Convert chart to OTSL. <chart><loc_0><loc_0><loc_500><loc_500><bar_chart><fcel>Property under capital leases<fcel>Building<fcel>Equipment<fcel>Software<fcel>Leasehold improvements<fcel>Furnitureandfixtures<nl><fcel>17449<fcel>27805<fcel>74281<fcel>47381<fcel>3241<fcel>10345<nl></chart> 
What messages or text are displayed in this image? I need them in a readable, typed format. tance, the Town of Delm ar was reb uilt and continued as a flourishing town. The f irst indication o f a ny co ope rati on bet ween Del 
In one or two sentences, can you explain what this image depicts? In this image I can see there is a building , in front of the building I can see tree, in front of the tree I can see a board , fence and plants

--

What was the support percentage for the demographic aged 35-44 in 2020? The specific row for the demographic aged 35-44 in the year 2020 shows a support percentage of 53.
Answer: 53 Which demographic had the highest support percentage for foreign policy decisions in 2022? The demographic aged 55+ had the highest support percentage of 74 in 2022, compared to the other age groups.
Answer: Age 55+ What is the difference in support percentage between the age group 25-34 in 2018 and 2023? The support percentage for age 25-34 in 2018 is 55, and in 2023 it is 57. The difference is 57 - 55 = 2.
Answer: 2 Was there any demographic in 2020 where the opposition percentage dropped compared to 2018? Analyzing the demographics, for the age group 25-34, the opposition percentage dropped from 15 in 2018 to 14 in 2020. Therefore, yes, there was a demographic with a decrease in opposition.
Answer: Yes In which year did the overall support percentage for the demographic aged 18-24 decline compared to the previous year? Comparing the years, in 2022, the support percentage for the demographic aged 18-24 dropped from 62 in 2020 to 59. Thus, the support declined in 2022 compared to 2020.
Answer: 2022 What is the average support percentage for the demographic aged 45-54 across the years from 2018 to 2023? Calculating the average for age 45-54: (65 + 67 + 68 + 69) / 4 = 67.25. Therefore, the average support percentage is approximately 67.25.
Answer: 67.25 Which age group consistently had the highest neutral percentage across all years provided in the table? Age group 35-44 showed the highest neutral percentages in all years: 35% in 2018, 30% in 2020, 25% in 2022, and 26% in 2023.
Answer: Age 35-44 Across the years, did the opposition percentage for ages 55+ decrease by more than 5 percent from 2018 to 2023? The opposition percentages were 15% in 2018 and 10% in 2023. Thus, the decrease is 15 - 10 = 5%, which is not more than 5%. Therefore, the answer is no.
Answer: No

> _Required action_: From the material above, retype precisely the lines between the line holding "Convert chart to" and the line holding "In one or two", inclusive, and nothing beyond them.

> _Response box_:
Convert chart to OTSL. <chart><loc_0><loc_0><loc_500><loc_500><bar_chart><fcel>Property under capital leases<fcel>Building<fcel>Equipment<fcel>Software<fcel>Leasehold improvements<fcel>Furnitureandfixtures<nl><fcel>17449<fcel>27805<fcel>74281<fcel>47381<fcel>3241<fcel>10345<nl></chart> 
What messages or text are displayed in this image? I need them in a readable, typed format. tance, the Town of Delm ar was reb uilt and continued as a flourishing town. The f irst indication o f a ny co ope rati on bet ween Del 
In one or two sentences, can you explain what this image depicts? In this image I can see there is a building , in front of the building I can see tree, in front of the tree I can see a board , fence and plants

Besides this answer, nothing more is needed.